海外移住のノウハウや作業手順

「海外に移住する」…なかなか身近に例がなく、何からやったらいいか分からないという方がほとんどではないでしょうか。私自身がそうでした。失敗談も含めお知らせしたいと思います。

目次

出国日の設定

まず最初にやるべきは、出国日の決定です。

移住準備にどのくらい時間がかかるか全く予測できないのに決めるなんて難しいのですが、確定しないとスケジュールが立てられません。航空券予約、現在住んでいる賃貸アパートの契約解除、会社退職、保育園退園なども、日にちを明記しなくては手続きできませんでした。

我が家の場合、移住先のフィリピン・セブ島の新学期スタートは6月です。それまでにセブの生活にも慣れておく必要があります。

そこで航空券の価格が落ち着きそうなゴールデンウィーク終了翌日に、私が一人でセブに渡り、視察を兼ねて新生活の準備を一週間で行なうことにしました。そして、一度日本に戻り、翌日にとんぼ返りで、今度は家族と共にフィリピンに入ることにしました。

一日だけの日本帰国なんて不経済ですが、幼い子三人を飛行機に乗せるのは夫一人では不可能なので、しょうがありません。

ただ、あの頃は、出国日を確定していいか自信がもてませんでした。
『下手に日を決めて手続きを進めてから、どうしてもずらす必要が出てきたらどうなるの?』
『準備が間に合わなくて、出国できない状況になったら?』
不安になりました。

それでも「えい、やっ」と決めてしまいました。そうせざるを得ません。

退職連絡

移住に伴い仕事を辞めるのであれば、引継ぎなどがあるため、退職の意思と日程を早めに会社に報告しましょう。

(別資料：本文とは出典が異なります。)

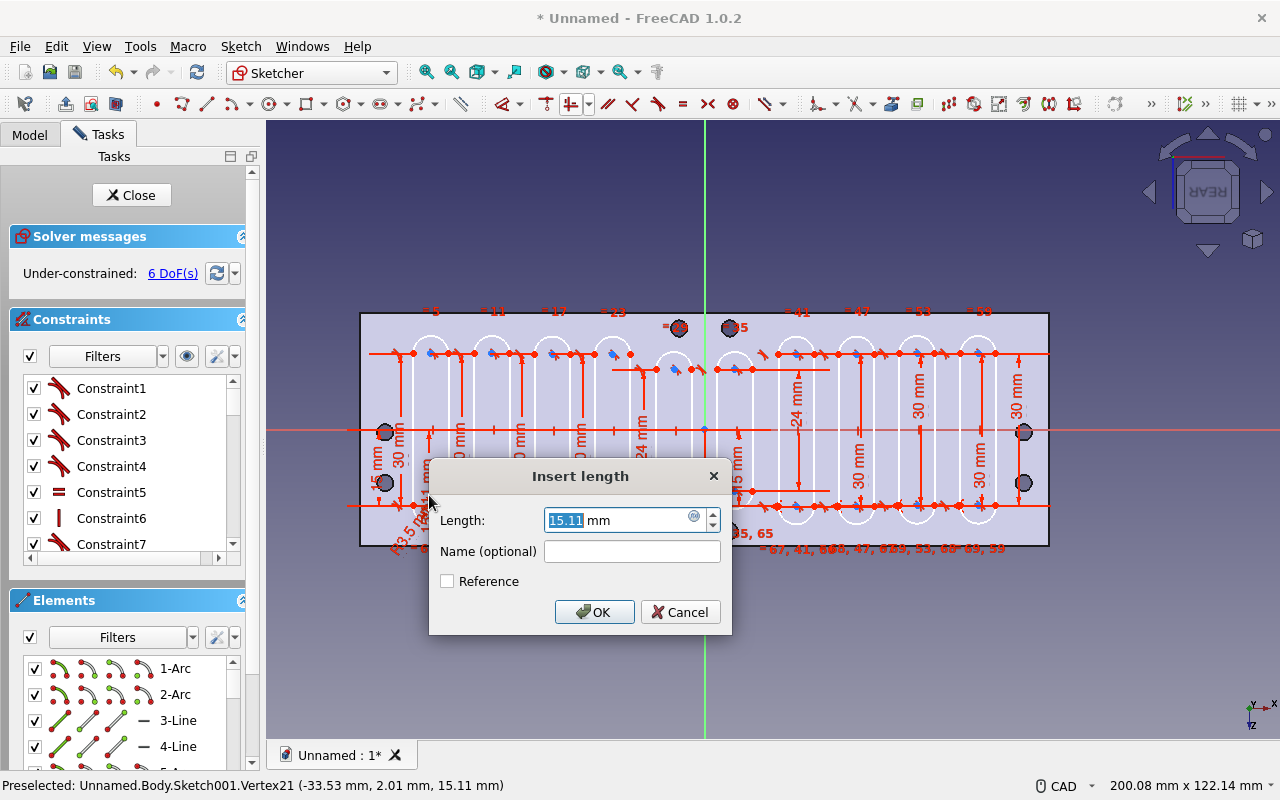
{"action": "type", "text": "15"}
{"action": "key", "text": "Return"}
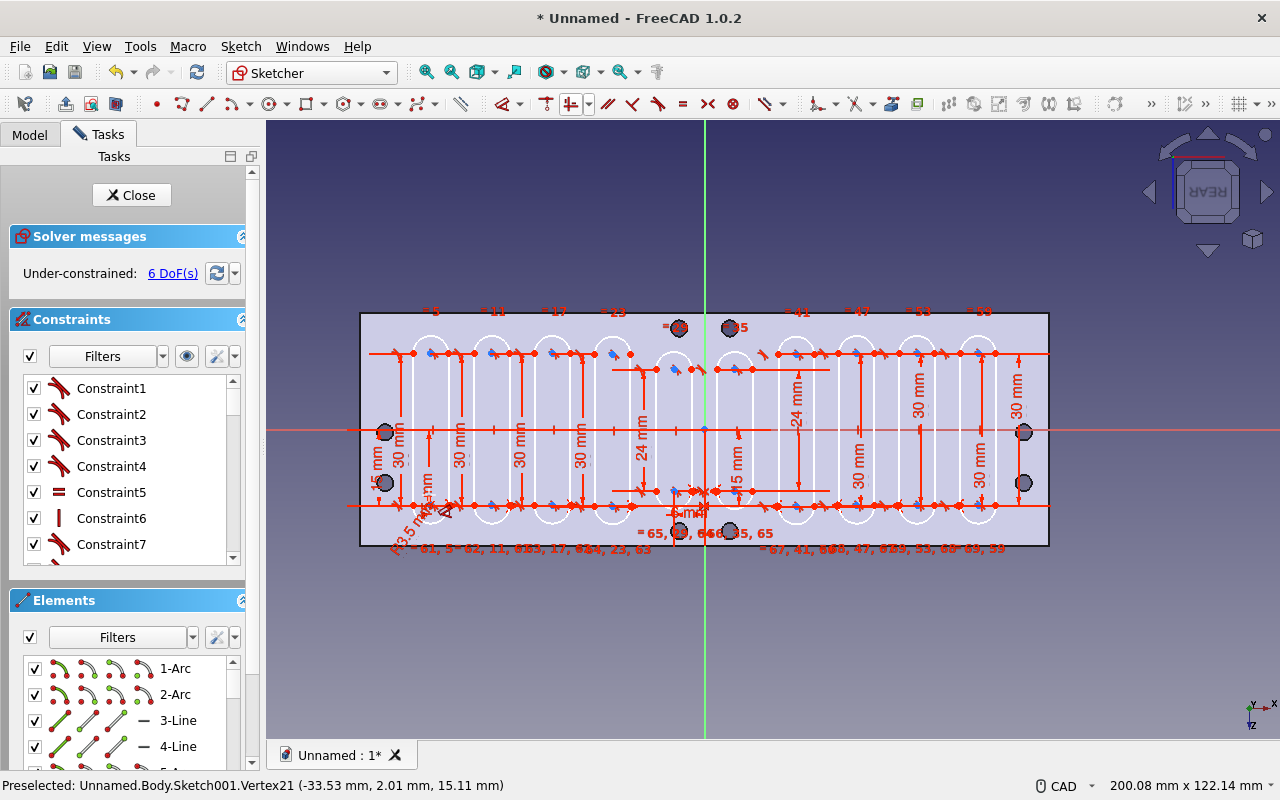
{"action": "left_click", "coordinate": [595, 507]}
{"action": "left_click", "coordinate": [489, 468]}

我が家はこの点で一つ失敗しました。出国より半月前に退職する、と夫の会社に伝えてしまったのです。

出国前は移住準備に集中したいと思ったからですが、当時、うちの子どもたちは3人とも認可保育園に通っていました。子供を預けるには、私たち夫婦は共に「仕事の事情で保育に欠ける」必要があり、夫の退職以降は子どもたちは保育園に通うことができません。5歳以下の3人が在宅すれば、我が家こそが保育園のような状態で、移住準備に大きく支障が出ます。

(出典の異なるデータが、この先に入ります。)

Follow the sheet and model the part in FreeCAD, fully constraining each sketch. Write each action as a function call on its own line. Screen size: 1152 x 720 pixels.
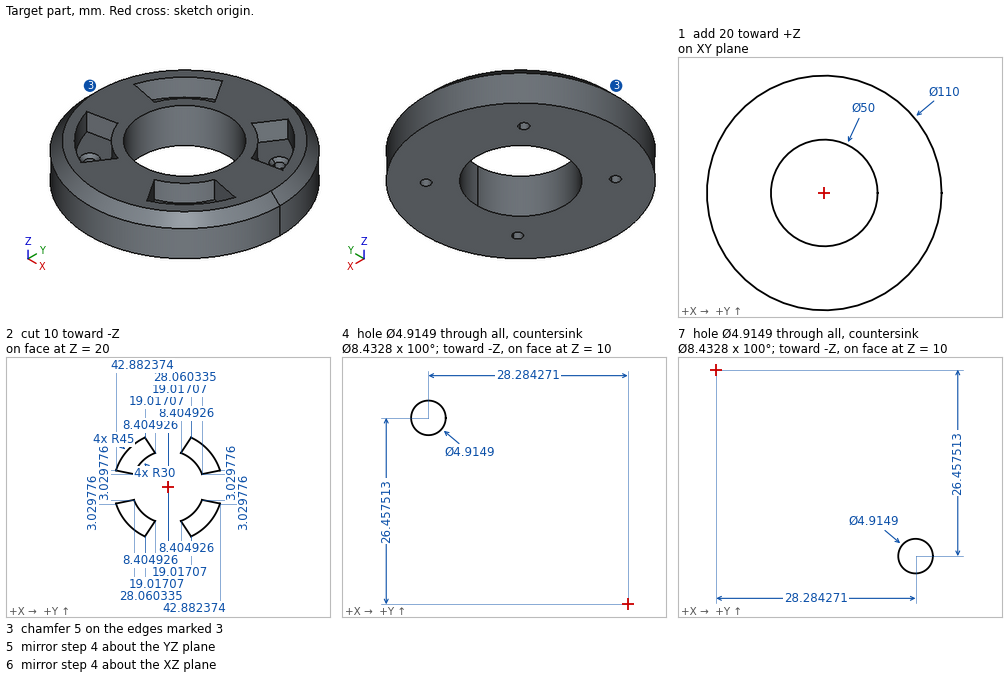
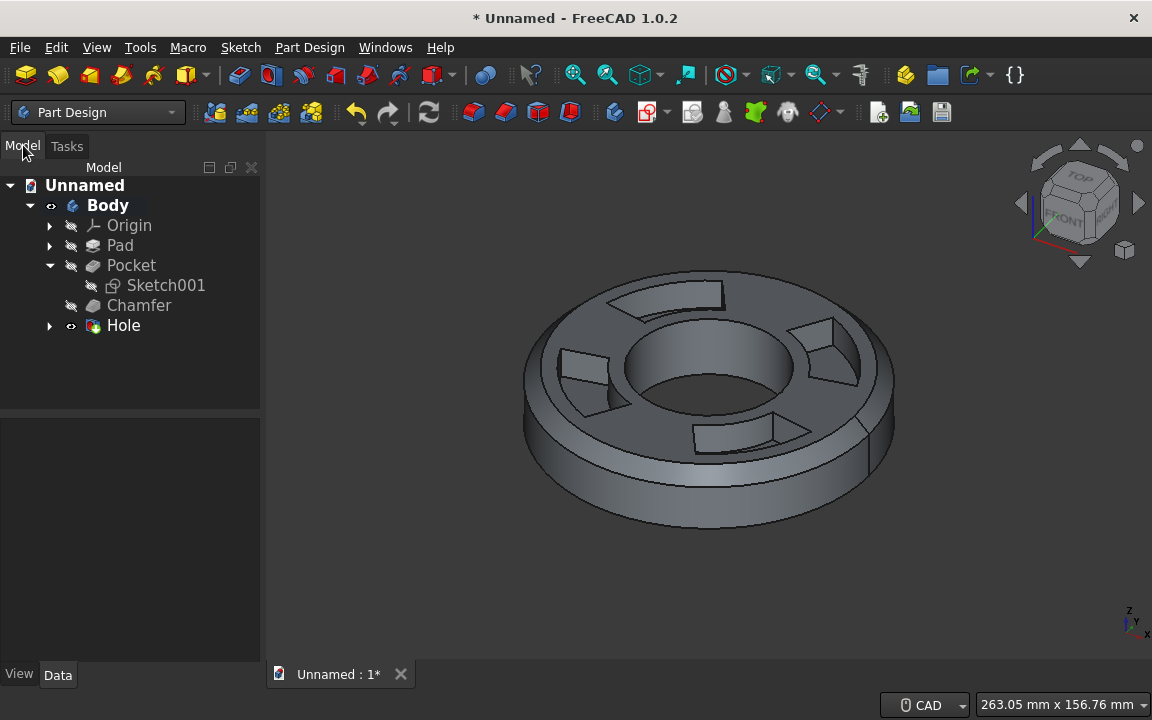
click(116, 326)
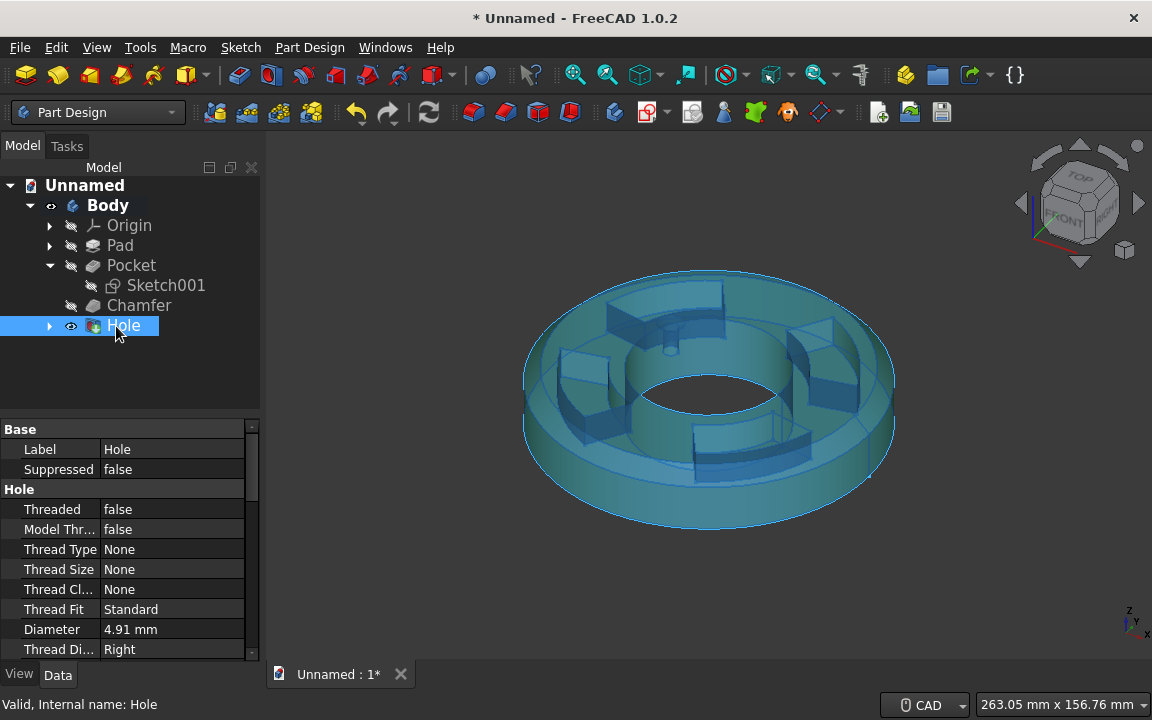
click(216, 112)

会社に退職日を伝えてすぐに気付き、慌てて「出国前日に退職」に変更させていただきました。退職日前に夫は有給休暇の消化で休みをとり、移住準備ができました。

移住サポート会社に依頼

海外移住先についてご自身が詳しく、相談できる先もあるなら不要かもしれませんが、そうではない場合は移住サポート会社に依頼すると良いでしょう。

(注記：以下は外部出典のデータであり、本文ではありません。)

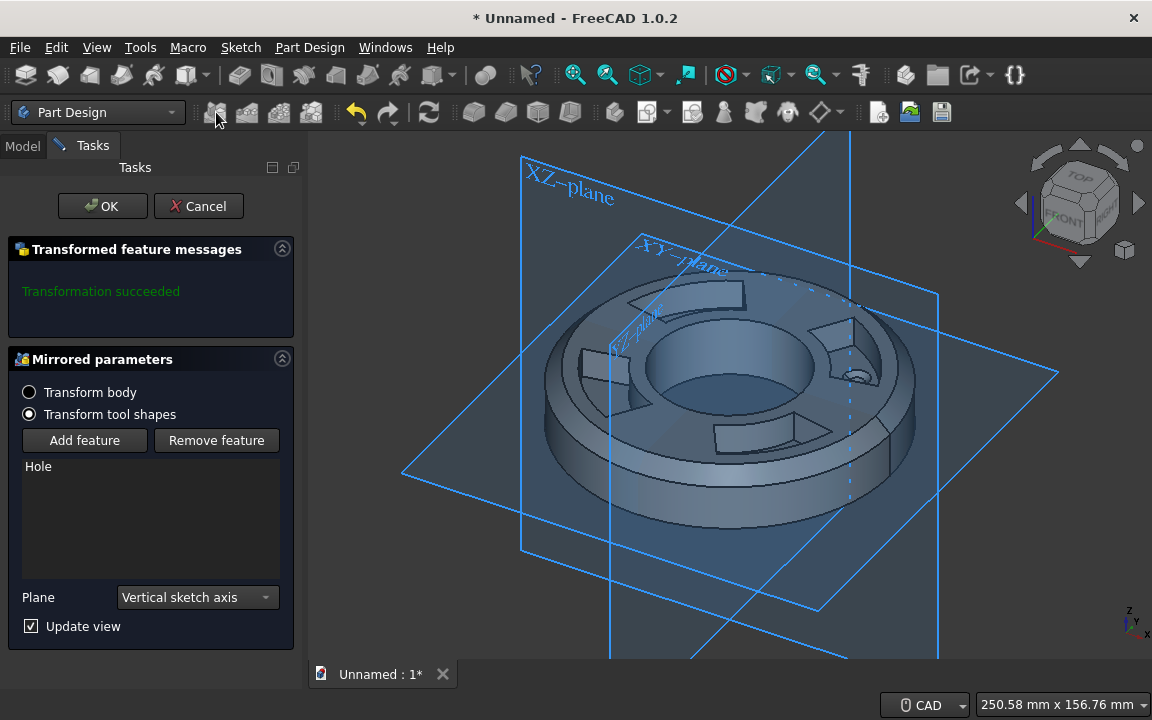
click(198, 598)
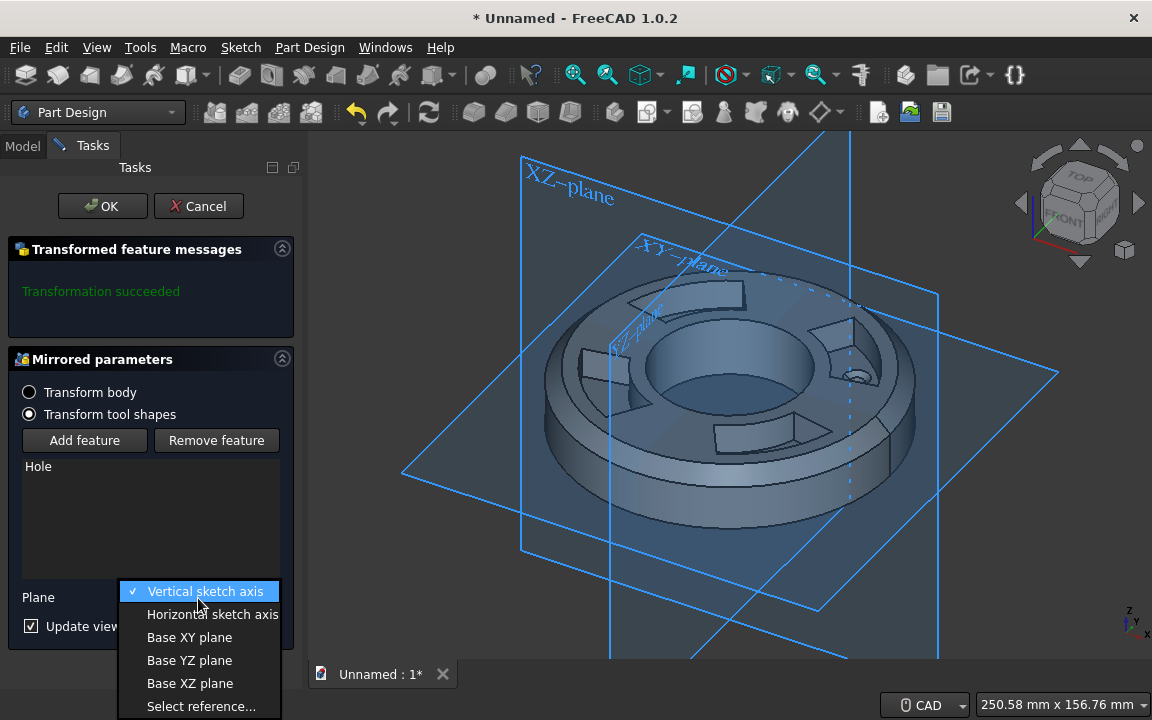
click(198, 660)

私は、行ったことがないフィリピン・セブ島について調べるうちに、日本人が現地で経営する移住サポート会社の存在を知りました。早速メールで連絡し、まずはサポート費用の半額を振り込み(残りは現地到着後に払わせていただくことにし)、移住に向けた多様な相談にのってもらいました。

日本国内の移住とは異なり、海外移住なら自分が外国人になる点や、思いもよらない慣習や法律の違いが存在することに注意が必要です。

日本居住と異なる点【フィリピンの場合】

  • 家具無しの賃貸住宅はほとんどない。賃貸住宅のほぼ全てに家具が備え付けられている。
  • 公立の幼稚園や小学校に、外国人である日本の子は入れない。私立校を選んで手続きしなくてはならない。
  • 外国人は一軒家を買えない(マンションの中の一戸を買うのは可能)

現地の幼稚園調査

ただ、準備を業者に頼ってばかりでは費用がかさみます

幼稚園の選定サポートは別料金だったので、自分でやることにしました。セブに住む日本人の方が日本語で書いたブログを中心に幼稚園名をピックアップし、各園の公式サイトをチェックしました。英語で書かれたサイトなど今まで見たこともありませんが、海外に住むことを考えれば避けていられません。

その作業を進める中で、我が家が幼稚園を選ぶ際の優先順位を決める必要に気づき、それを元に比較表を作ってみました。我が家が重視したいのは、プログラムの内容や雰囲気、預かり時間の長さ、金額、自宅からの距離です。

ただ残念ながら、セブ島の幼稚園はインターネット上で料金表を公開しないのが慣例です。

金額他を訪ねる質問文を英語で作って各幼稚園にメールで問い合わせしても、金額については「見学にいらしたら価格表を渡します」という回答ばかりでした。その点は諦めざるを得ないかもしれません。

日本の賃貸住宅から退去準備

私たちは日本で賃貸アパートを借りていました。解約のため契約書を確認したところ、ひと月前までに契約解除日を書面で申し入れること、解除日の変更は不可能であることが分かりました。解除日には退去立ち合いのチェックを受けるため、それまでに室内をカラにして、原状回復しておかなくてはなりません。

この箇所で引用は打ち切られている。